1. Belt elasticity detection mechanism, its characterized in that includes: the device comprises a base body, an annular belt, a rotating part, a tensioning wheel, an elastic part, a first motor, a second motor and a distance detector, wherein the annular belt is arranged on the base body and can move circularly;

the distance detector is a laser range finder; the laser range finder comprises a light emitter and a light receiver for receiving light beams emitted by the light emitter and performing range finding; the light emitter is arranged on the rotating piece passing through the axis of the tensioning wheel, and the light receiver is arranged on the base body;

the light receiver is arranged in a cavity with a light inlet hole; the base body is provided with a third rotating table, the cavity is arranged on the third rotating table, and the direction of a light inlet hole in the cavity is adjusted through the rotation of the third rotating table; a sliding table close to/far away from the light inlet hole is slidably arranged in the cavity, the optical receiver is arranged on the sliding table, more external stray light can be filtered by the optical receiver far away from the light inlet hole through the sliding table, and the optical receiver is close to the light inlet hole through the sliding table and can be convenient for receiving light beams;

the rotating part is provided with a first rotating platform, and the axis of the first rotating platform is parallel to the axis of the pivot; the light emitter is arranged on the first rotating platform, so that when the rotating part rotates, the light emitting direction of the light emitter is kept through the rotation of the first rotating platform; the first motor drives the first rotating table to rotate;

the seat body is provided with a reflector, and the light emitter emits a light beam to the light receiver through the reflector; the base body is provided with a second rotating table, the reflector is arranged on the second rotating table, and the transmission direction of the reflected light beam is adjusted through the rotation of the second rotating table; the second motor drives the second rotating table to rotate.

2. The belt tightness detecting mechanism of claim 1, wherein said light emitter emits a light beam in a radial direction of said tensioner.

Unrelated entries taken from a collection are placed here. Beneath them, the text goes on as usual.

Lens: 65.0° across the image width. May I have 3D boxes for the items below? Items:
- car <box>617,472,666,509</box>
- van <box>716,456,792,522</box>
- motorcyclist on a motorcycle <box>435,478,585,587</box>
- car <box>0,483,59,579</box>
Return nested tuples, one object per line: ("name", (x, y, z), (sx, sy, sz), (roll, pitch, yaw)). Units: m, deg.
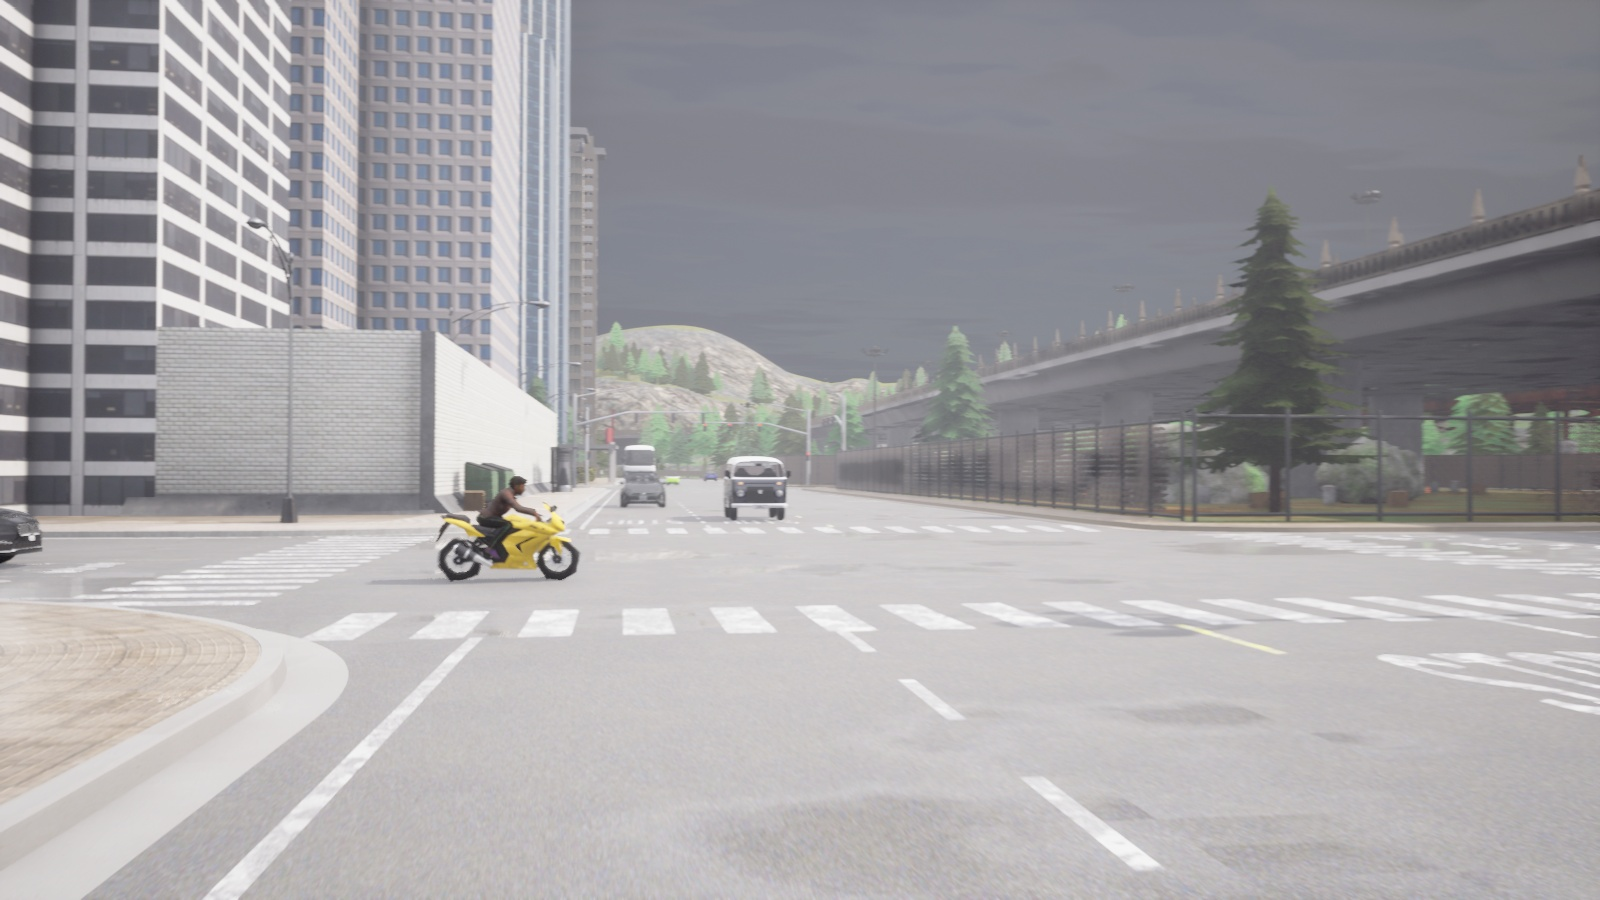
("car", (-6.794, 1.704, 53.853), (2.007, 1.525, 4.514), (0, -1, -7))
("van", (-1.553, 1.231, 40.784), (2.069, 2.038, 4.480), (0, -1, -7))
("motorcyclist on a motorcycle", (-4.180, 1.173, 18.209), (2.044, 1.523, 0.797), (0, -1, -7))
("car", (-15.040, 1.302, 20.336), (4.892, 1.490, 1.837), (0, -1, -7))

3. The belt tightness detecting mechanism according to claim 1, wherein said light emitter emits a light beam in parallel with an axial direction of said tensioner.

4. The belt tightness detecting mechanism of claim 1, wherein the maximum angle of the rotating member from the initial position is 5 °.

5. The belt tightness detecting mechanism of claim 1, wherein said elastic member is a spring.

6. The belt tightness detecting mechanism of claim 1, further comprising a power source in conductive communication with said distance detector.

7. The belt slack detection mechanism of claim 1, further comprising a display coupled to the laser rangefinder.

8. An automobile, comprising an engine and a belt tightness detecting mechanism according to any one of claims 1 to 7, wherein the engine is drivingly connected to the endless belt.